All too often, people confuse groupthink with morals. With a little dialog, I suspect that we could identify some accused murderers that you would excuse.
But myerbergs_army's stated rationale was not that Le Roux is fair game for doxxing because he's so bad, it was that he was fair game because his activities are newsworthy.
Honestly, I don't have a clue. Who gets to decide? Some murderers are presidents, and others are on trial. There's really no point in arguing about it.
Are moral rules situationally dependent on the personal feelings of the person subject to those rules? I would hate to be in jail, but I think it's morally and ethically valid to put people in jail in certain circumstances. Similarly I think that politicians and public figures should be subject to a high degree of scrutiny and transparency about their personal lives, even though I personally wouldn't enjoy such treatment.
By "feel", I meant more what you might feel justified in doing about it. The key "moral rule" for me is to only mess with people who have messed with me. I don't get into third-party stuff, and I have little sympathy for those who do.
So what you're saying is, it would be moral for this guy's murder victims to dox him, but not a reporter? The funny thing with murderers is that they can only really be stopped by third parties.
I have little use for assessing morality.

Anybody can do whatever they want. And they get whatever they get.

My parent question was more about the reporter's OPSEC. That is, the risks that he's taken.

Wait, what? I was directly responding to your criteria for assessing morality.
Germany has the concept 'people of public interest' for which different rules concerning media appearance and photographs apply. Politicians are an example. You could argue that it applies in this case as well.

Wrong country of course, but the idea as an ethical code is out there, that the public has some right for information on some, and only some, people.

U.S. law has a similar concept; see https://en.wikipedia.org/wiki/Public_figure.
Don't you know it's only ok when a given journalist has the blessing of the status quo and doesn't use automatic means (google doesn't count anymore of course, but copypasta of random code to help one on one's search is a big no no) of releasing such information?

If such a "journalist" wanted to write (about potentially classified™ information) about people working for defense contractors who create products only a minority of people care to voice dissent but has the blessing of the status quo, it wouldn't be ok because it would put lives at danger™. There is also an exception to this for when a billionaire helps you write about such info, but only less than 1% of it will ever see the light of day, and one must consult with the thought leaders™ of the status quo in order to have a voice where all the token freedom loving organizations also supported by such billionaire will blogspam such carefully vetted position on one's behalf.

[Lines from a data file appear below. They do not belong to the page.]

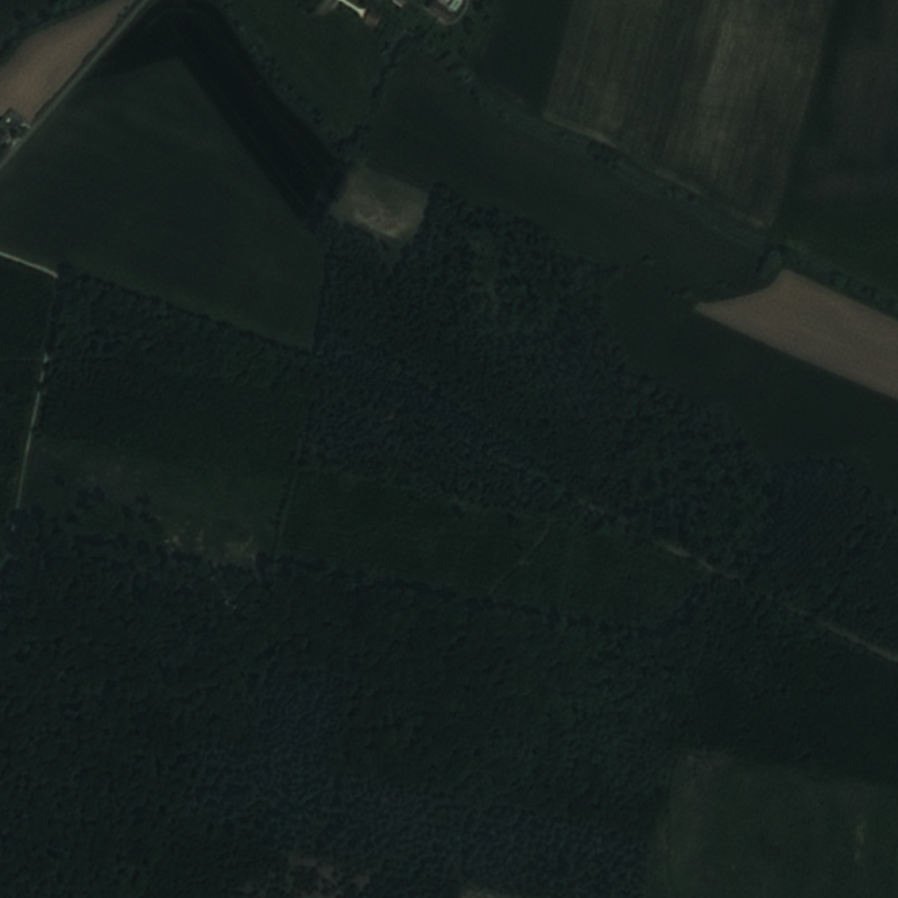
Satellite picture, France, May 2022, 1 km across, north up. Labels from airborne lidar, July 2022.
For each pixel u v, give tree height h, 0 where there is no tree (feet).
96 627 88
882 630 48
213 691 75
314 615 92
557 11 0
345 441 84
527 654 84
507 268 73
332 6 0
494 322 66
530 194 0
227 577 84
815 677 21
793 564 116
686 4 0
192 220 0
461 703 91
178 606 73
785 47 0
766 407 0
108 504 82
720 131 0
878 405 0
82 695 74
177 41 0
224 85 0
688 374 0
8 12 0
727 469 78
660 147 0
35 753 76
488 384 58
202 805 96
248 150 0
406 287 61
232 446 41
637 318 0
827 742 34
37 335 19
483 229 68
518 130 0
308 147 0
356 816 92
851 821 0
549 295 33
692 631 82
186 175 0
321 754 85
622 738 74
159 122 0
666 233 0
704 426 58
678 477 72
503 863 97
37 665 85
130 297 73
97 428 51
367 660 95
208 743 79
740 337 0
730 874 0
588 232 0
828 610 57
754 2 0
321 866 29
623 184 0
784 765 30
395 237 0
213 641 89
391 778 96
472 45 0
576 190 0
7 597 47
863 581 52
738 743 31
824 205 0
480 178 0
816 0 0
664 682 88
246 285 0
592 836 98
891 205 0
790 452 0
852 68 0
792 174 0
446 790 81
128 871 72
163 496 0
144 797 71
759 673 33
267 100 0
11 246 0
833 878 0
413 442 86
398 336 60
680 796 0
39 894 80
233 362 78
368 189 0
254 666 77
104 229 0
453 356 57
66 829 82
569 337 39
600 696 97
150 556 95
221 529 0
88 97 0
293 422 43
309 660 94
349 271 52
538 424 58
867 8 0
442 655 73
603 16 0
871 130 0
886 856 0
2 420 55
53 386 45
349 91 0
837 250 0
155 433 40
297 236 0
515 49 0
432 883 41
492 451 63
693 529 91
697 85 0
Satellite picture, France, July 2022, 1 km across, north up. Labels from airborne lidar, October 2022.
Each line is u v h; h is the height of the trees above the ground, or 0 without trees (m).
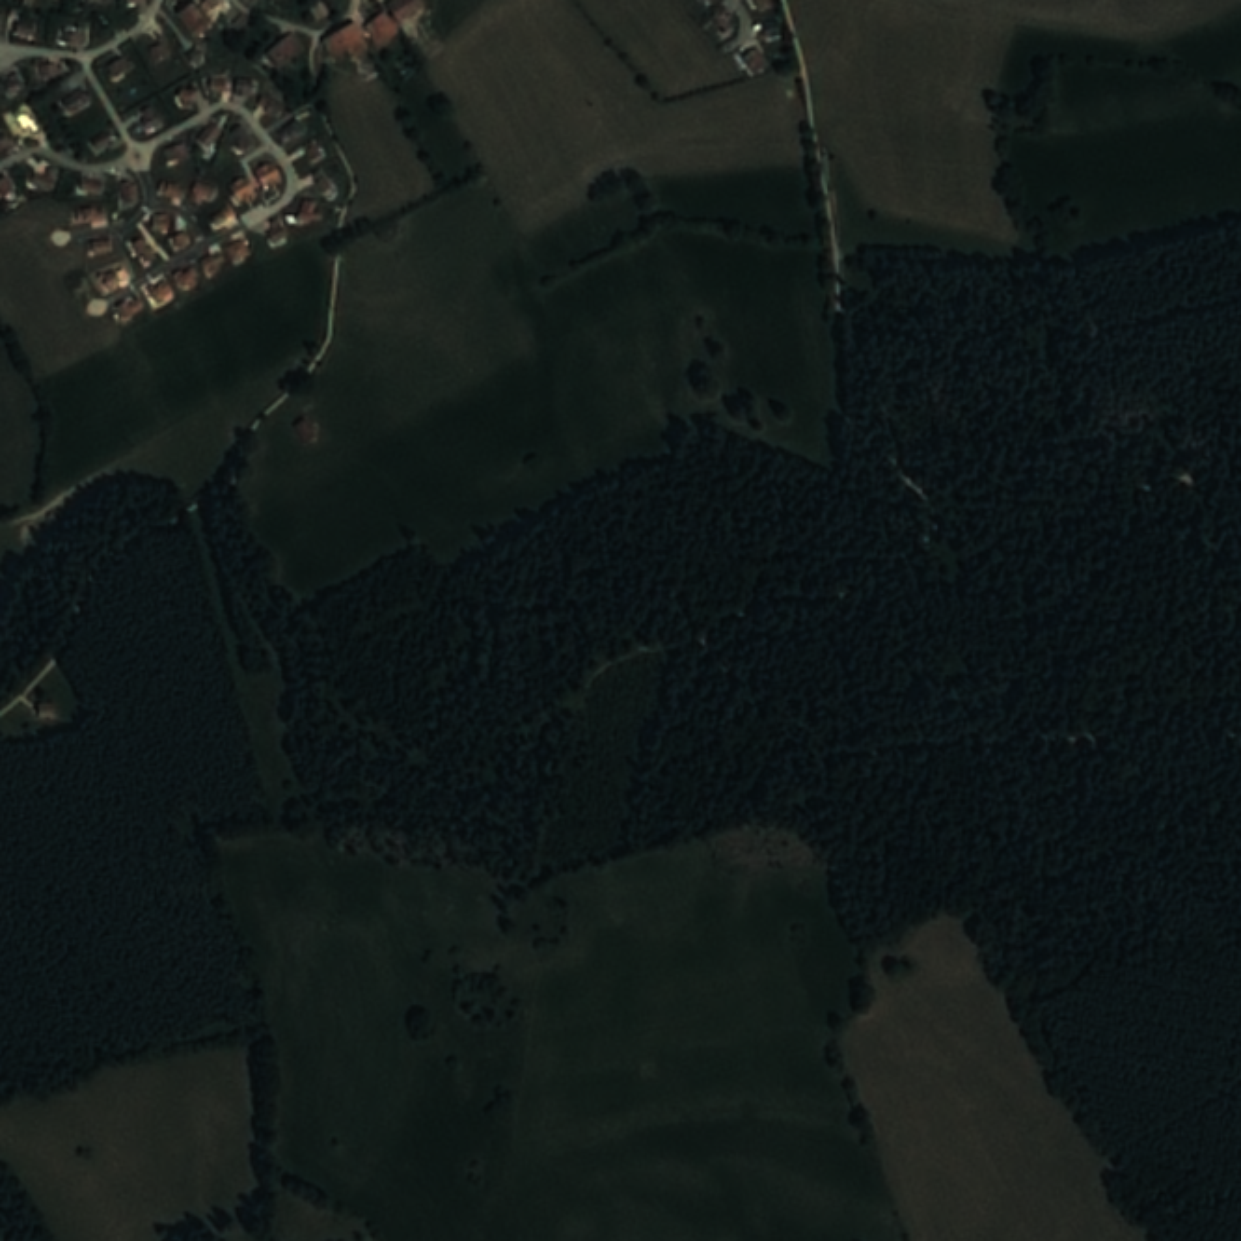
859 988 18
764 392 0
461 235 0
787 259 0
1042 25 0
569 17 0
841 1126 0
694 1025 0
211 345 0
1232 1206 22
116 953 19
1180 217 0
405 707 13
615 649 20
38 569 30
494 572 23
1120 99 0
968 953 0
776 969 0
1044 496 29
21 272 0
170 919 20
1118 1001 19
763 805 29
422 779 16
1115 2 0
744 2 0
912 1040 0
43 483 10
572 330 0
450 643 17
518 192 0
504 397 0
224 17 0
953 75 0
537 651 13
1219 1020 15
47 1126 0
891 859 21
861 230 0
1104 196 0
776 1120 0
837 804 27
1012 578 32
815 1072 0
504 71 0
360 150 0
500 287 0
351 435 0
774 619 32
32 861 20
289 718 24
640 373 0
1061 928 20
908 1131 0
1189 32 0
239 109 0
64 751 23
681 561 25
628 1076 0
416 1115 0
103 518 32
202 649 21
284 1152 0
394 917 0
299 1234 0
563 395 0
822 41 0
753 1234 0
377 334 0
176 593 21
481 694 20
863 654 31
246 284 0
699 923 0
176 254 0
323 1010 0
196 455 0
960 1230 0
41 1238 25
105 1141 0
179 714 23
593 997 0
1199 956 17
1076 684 31
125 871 21
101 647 22
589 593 31
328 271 0
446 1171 0
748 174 0
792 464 21
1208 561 31
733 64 0
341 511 0
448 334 0
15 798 21
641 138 0
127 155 0
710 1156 0
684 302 0
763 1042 0
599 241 0
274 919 0
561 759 8
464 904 0
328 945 0
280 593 16
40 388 7
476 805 33
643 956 0
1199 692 18
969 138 0
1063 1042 18
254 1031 15
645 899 0
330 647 6
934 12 0
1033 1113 0
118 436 0
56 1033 22
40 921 23
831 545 28
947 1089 0
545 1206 0
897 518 34
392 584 12
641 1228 0
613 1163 0
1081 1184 0
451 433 0
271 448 0
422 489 0
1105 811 31
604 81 0
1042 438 11
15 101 0
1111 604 25
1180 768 36
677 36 0
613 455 0
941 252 14
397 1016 0
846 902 31
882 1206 0
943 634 34
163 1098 0
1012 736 19
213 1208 0
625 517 31
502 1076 0
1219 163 0
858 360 27
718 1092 0
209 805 19
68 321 0
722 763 14
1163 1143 20
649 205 18
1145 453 29
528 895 17

I might feel upset, I guess. If you don't want that to happen, don't do anything newsworthy.
> As the series hopefully shows, Le Roux was a hugely newsworthy figure for many different reasons, so reporting his background and how he got there is part of understanding where he is now.

Wasn't this Gawkers main argument in their defense against the hulk.

I do not understand the comparison you are trying to make. Gawker was sued for releasing a clip of the actual sex tape. Everyone involved stipulated that a detailed story about the tape would have been fine.
No, not quite. Their main argument was that it was newsworthy and "it", in particular, was the video and not the article. The article itself could exist, but without the video. The video couldn't as there was a reasonable expectation of privacy.

They were sued because they refused to take down the video and their defense was absolutely terrible in every regard including joking in legally binding statements without going through and marking them as jokes/sarcasm: so they are taken at face value in the court of law.

Making jokes about child porn ("newsworthy if the actor is over the age of four") isn't how you win over jurors.